John Koza has posted this draft on SSRN. Here is the abstract:
This paper is in response to a paper entitled “The National Popular Vote (NPV) Proposal for U.S. Presidential Elections Undermines Election Integrity” by Ronald Rivest and Philip B. Stark (the “RS” paper).
The RS paper’s claim to have discovered an “unchallengeable” way to thwart the operation of the National Popular Vote Compact is demonstrably false.
The RS paper claims that there would be “no way for any party to push back on any state’s reported tallies” under NPV—even if “state-level results are untrustworthy or absurd” or a state reported “a billion votes for one candidate.” In fact, NPV would operate inside the same legal framework and judicial system as the current system of electing the President (which provides five avenues for challenging vote tallies).

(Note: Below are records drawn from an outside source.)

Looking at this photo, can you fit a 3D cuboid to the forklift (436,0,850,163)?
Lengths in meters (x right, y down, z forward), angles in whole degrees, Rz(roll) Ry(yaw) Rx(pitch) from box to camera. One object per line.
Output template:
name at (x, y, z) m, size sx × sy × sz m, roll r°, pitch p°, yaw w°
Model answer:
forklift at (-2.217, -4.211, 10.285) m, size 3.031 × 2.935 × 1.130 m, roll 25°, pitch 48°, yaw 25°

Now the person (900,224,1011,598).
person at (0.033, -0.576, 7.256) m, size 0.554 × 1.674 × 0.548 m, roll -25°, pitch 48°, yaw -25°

The RS paper’s claim that “NPV eliminates critical bulkheads that help assure the integrity of U.S. Presidential elections” is based on an inaccurate and exaggerated picture of the current state of affairs concerning post-election audits. In fact, the type of post-election audit championed by the RS authors was used to audit the presidential race in only two of the battleground states and none of the outcome-determinative states in 2024. Because of three additional flaws in the apples-to-oranges comparison conducted by the RS paper, the RS paper fails to show that NPV “undermines” “critical bulkheads” of election security.
None of the arguments against the NPV Compact in the RS paper withstand scrutiny. None demonstrate that the Compact would undermine election integrity in any way. To the extent our elections are legitimate, accurate, and trustworthy today (and they are), they would remain equally legitimate, accurate, and trustworthy under the NPV Compact.